→ **WORK TASK**
In the entries below, the lines from the one with "Page size: 1241x1754." through the one with "Identify the document" are to be copied exactly; both ends count.

→ **DATA SHOWN**
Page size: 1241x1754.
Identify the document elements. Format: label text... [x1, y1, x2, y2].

---

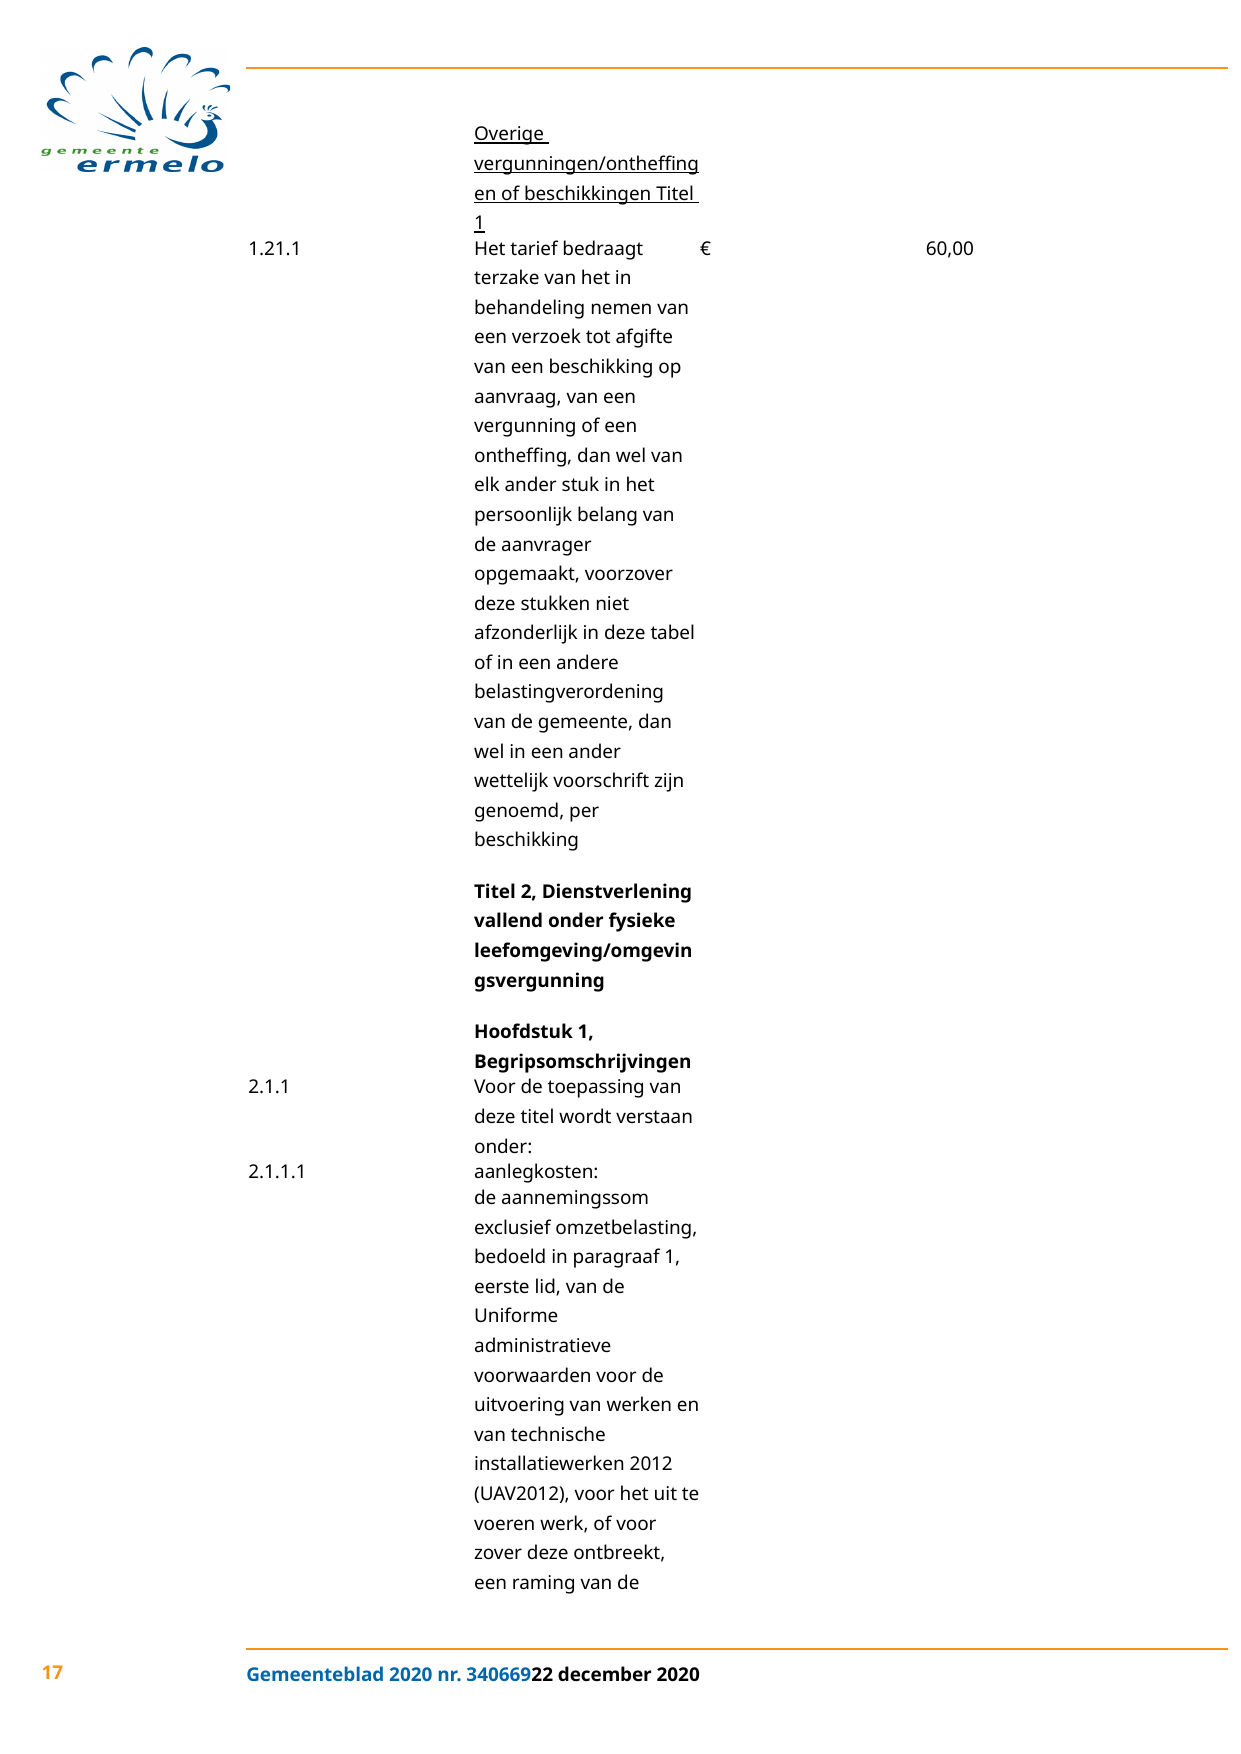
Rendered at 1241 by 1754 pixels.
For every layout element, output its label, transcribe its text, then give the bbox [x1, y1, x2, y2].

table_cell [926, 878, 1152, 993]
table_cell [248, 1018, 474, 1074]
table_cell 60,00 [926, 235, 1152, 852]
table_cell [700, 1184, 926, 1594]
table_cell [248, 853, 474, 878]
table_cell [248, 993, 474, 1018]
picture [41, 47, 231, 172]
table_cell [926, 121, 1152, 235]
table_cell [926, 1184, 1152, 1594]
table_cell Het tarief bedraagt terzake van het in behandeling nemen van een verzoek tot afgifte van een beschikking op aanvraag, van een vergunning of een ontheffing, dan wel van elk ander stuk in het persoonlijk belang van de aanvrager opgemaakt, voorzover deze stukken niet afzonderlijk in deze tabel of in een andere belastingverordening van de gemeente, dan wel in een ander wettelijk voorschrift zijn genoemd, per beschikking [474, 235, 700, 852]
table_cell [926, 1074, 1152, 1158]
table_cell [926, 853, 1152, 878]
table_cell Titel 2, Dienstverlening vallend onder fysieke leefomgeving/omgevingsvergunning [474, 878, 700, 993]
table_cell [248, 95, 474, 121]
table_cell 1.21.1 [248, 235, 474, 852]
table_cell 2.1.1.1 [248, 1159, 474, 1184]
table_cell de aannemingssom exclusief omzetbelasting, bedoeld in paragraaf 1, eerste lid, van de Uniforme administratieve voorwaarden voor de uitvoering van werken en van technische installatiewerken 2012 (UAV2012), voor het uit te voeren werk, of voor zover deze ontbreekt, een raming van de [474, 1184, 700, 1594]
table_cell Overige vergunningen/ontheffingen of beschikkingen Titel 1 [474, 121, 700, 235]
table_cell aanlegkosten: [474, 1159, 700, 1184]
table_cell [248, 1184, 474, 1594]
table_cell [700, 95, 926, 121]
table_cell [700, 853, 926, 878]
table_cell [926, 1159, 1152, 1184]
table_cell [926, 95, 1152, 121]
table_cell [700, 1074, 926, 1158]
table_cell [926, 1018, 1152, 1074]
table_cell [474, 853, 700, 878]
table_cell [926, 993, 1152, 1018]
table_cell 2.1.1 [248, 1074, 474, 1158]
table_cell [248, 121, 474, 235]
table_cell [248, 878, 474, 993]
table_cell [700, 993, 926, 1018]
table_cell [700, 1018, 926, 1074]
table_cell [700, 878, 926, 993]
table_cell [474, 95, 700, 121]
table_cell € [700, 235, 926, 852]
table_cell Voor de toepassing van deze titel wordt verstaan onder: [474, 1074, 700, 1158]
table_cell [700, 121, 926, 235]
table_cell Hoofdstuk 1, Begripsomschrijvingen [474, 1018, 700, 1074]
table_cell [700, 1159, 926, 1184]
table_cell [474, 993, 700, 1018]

→ **COMPLETED EXERCISE**
Page size: 1241x1754.
Identify the document elements. Format: label text... [x1, y1, x2, y2].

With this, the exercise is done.